495 Keluarga di Surabaya Terima Bantuan 30 Kg Beras untuk Tiga Bulan

SURABAYA – Sebanyak 495 keluarga penerima manfaat (KPM) di Kelurahan Lidah Kulon, Kecamatan Lakarsantri, Surabaya, menerima bantuan pangan berupa beras untuk kebutuhan selama tiga bulan. Penyaluran bantuan tersebut ditinjau langsung Menteri Pertanian sekaligus Kepala Badan Pangan Nasional (Bapanas) RI, Andi Amran Sulaiman, Rabu (12/8/2026).

Setiap KPM menerima bantuan sebanyak 30 kilogram beras yang merupakan alokasi untuk Juli, Agustus, dan September 2026. Dengan demikian, masing-masing penerima memperoleh 10 kilogram beras untuk setiap bulan.

Penyaluran bantuan menjadi bagian dari program pangan pemerintah yang menyasar masyarakat berdasarkan data penerima yang telah ditetapkan. Di Surabaya, proses distribusi turut dikawal Pemerintah Kota Surabaya melalui Dinas Ketahanan Pangan dan Pertanian (DKPP) bersama Dinas Sosial.

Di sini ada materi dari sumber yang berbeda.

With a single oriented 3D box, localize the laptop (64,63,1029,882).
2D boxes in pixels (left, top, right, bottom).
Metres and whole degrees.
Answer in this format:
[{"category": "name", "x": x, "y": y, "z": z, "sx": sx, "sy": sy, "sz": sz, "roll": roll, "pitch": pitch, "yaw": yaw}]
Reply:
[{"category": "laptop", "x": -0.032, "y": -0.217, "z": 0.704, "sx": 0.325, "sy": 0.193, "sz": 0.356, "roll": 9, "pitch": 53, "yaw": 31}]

Kepala DKPP Kota Surabaya, Nanik Sukristina, mengatakan data penerima bantuan yang digunakan dalam distribusi telah disesuaikan dengan data Dinas Sosial Kota Surabaya. Penerima berasal dari kelompok masyarakat yang masuk dalam kategori desil 1 hingga desil 3.

“Data penerima dari Bulog ini telah disesuaikan dengan data Dinsos Kota Surabaya, yang menyasar warga pada kategori desil 1 hingga desil 3,” ujar Nanik.

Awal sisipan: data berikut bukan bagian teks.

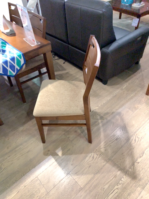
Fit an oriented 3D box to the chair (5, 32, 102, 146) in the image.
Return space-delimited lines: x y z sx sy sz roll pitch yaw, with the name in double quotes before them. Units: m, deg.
"chair" -0.091 -0.044 1.282 0.530 0.827 0.472 0 45 4
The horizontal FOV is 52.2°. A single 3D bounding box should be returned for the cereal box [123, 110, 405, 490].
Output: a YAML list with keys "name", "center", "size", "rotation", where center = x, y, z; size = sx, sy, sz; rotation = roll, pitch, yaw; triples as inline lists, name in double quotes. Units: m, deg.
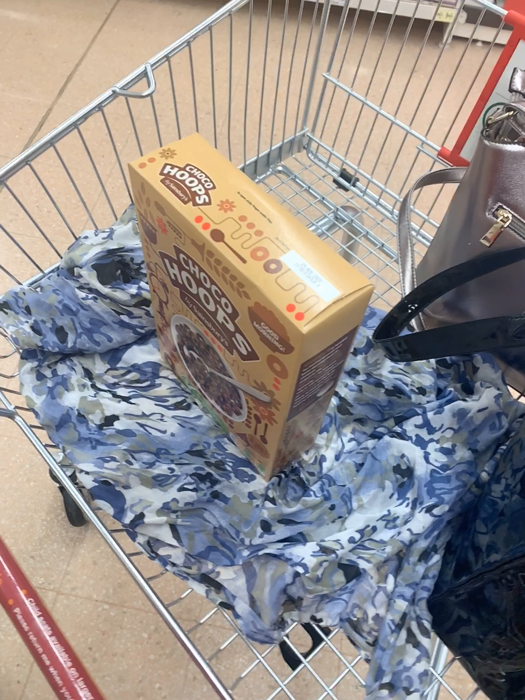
- name: "cereal box"
  center: [-0.019, -0.020, 0.499]
  size: [0.070, 0.298, 0.221]
  rotation: [-35, 68, -24]

Pemerintah Percepat Distribusi Bantuan

Menteri Pertanian Andi Amran Sulaiman mengatakan bantuan pangan tersebut merupakan bagian dari arahan Presiden untuk mempercepat penyaluran bantuan kepada masyarakat yang membutuhkan.

Menurutnya, program tersebut secara nasional menyasar sekitar 33,4 juta penerima manfaat di seluruh Indonesia. Pemerintah mendorong agar proses distribusi dilakukan secepat mungkin.

“Ini arahan Bapak Presiden, kita bagikan untuk 33,4 juta penerima manfaat di seluruh Indonesia,” kata Amran.

Amran juga menyebut stok beras nasional berada pada level yang tinggi, yakni sekitar 5,2 juta ton. Kondisi tersebut menjadi salah satu faktor yang mendorong pemerintah mempercepat penyaluran bantuan pangan kepada masyarakat.

“Bantuan pangan sudah berjalan, kesejahteraan petani meningkat, dan stok kita banyak dalam waktu yang sesingkat-singkatnya,” ujarnya.

Di Surabaya, pemerintah daerah turut memastikan proses distribusi di lapangan berlangsung sesuai dengan data penerima. Pemkot juga menyatakan kesiapan untuk memfasilitasi penyaluran bantuan serupa di wilayah lainnya.

Mentan Bagikan Beras kepada Ojol dan Kurir

Selain penyaluran bantuan melalui skema Bulog, kunjungan Mentan ke lokasi juga diwarnai pembagian beras secara spontan kepada sejumlah pengemudi ojek online dan kurir logistik yang berada di sekitar lokasi kegiatan.

Paket beras tersebut diberikan di luar kuota bantuan Bulog bagi KPM yang telah terdata.

Kegiatan tersebut sekaligus menjadi bagian dari rangkaian peninjauan pemerintah terhadap pelaksanaan program bantuan pangan di daerah.

Pemkot Surabaya menilai kolaborasi antara pemerintah pusat dan daerah diperlukan agar program pangan tidak hanya berjalan secara administratif, tetapi benar-benar sampai kepada masyarakat yang menjadi sasaran.

Dengan pengawalan distribusi di tingkat daerah, bantuan pangan diharapkan dapat diterima masyarakat sesuai dengan alokasi dan data penerima yang telah ditetapkan.